In vitro glycosylation of Compound K using galactosyltrasferase, lgtB from Neisseriameningitidis
Su bin Lim,Sumangala Darsandhari,Jae Kyung Sohng 한국당과학회 2016 한국당과학회 학술대회 Vol.2016 No.07
Compound K (CK) is formed by bio-deglycosylation of major protopanaxadiol (PPD)-type ginsenosides (mainly Rb1, Rb2, Rd and Rc). Although it has never been identified in Panax plants, it is the main functional component detected in mammalian blood or organs after oral administration of ginseng or ginsenosides.
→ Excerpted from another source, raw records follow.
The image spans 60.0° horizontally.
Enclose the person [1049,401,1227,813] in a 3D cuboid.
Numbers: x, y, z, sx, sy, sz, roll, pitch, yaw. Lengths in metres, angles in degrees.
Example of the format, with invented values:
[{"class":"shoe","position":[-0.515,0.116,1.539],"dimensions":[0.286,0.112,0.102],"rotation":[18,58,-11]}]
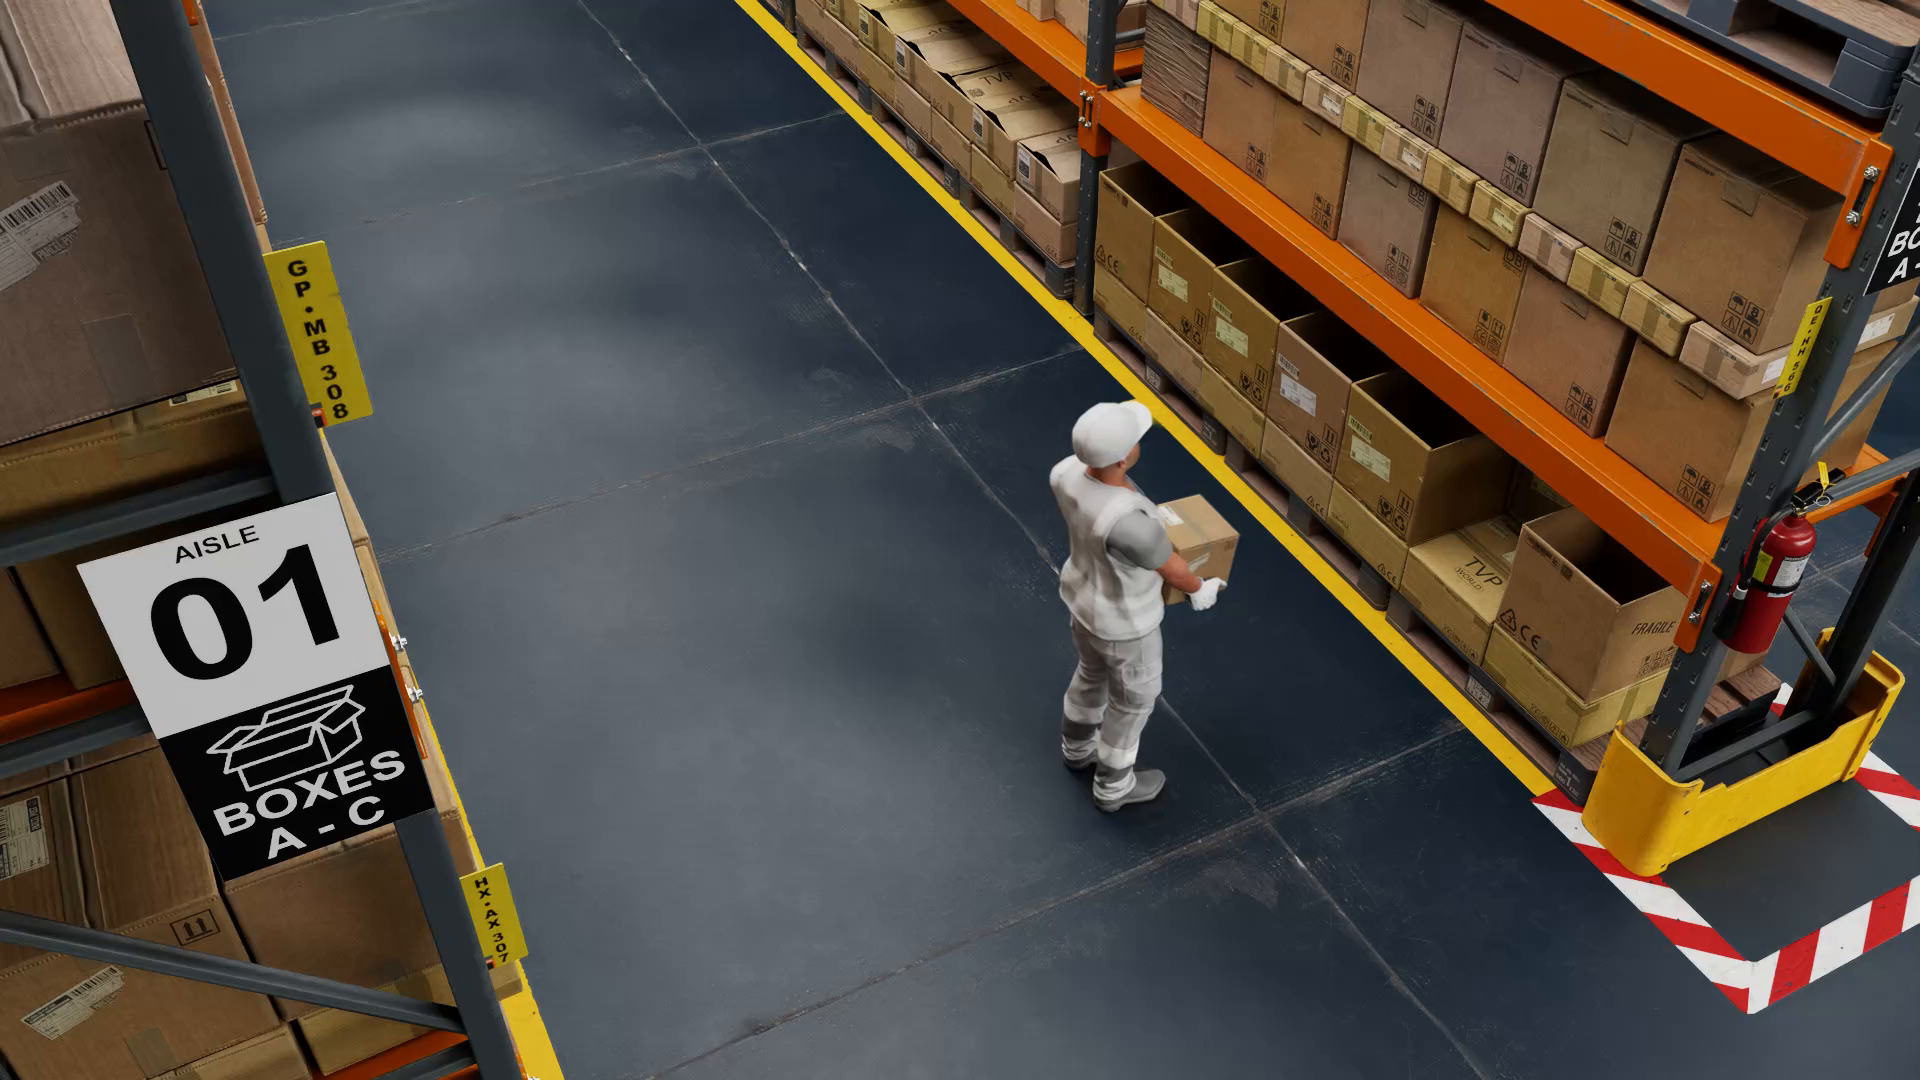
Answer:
[{"class":"person","position":[0.621,0.207,5.906],"dimensions":[0.563,1.783,0.494],"rotation":[-19,44,-20]}]

It possesses remarkable bioactivities like anti-inflammation, hepatoprotection, antidiabetes and anti-cancer activities. It has even been approved by the China Food and Drug Administration to commence clinical trials for arthritis prevention and treatment. Neisseria β (1,4) galactosyltransferase, LgtB introduces galactose into glucose at its 1 position to form lactose. In the present study, we performed the in vitro enzymatic reaction of CK using UDP-D-galactose as a sugar donor and compound K as an acceptor substrate. Reaction products were analyzed by HPLC and TLC and the product was confirmed by high resolution LC-QTOF-ESI/MS, which revealed the addition of one galactose unit into compound K. This is the first study regarding the addition of galactose to protopanaxadiol type ginsenosides.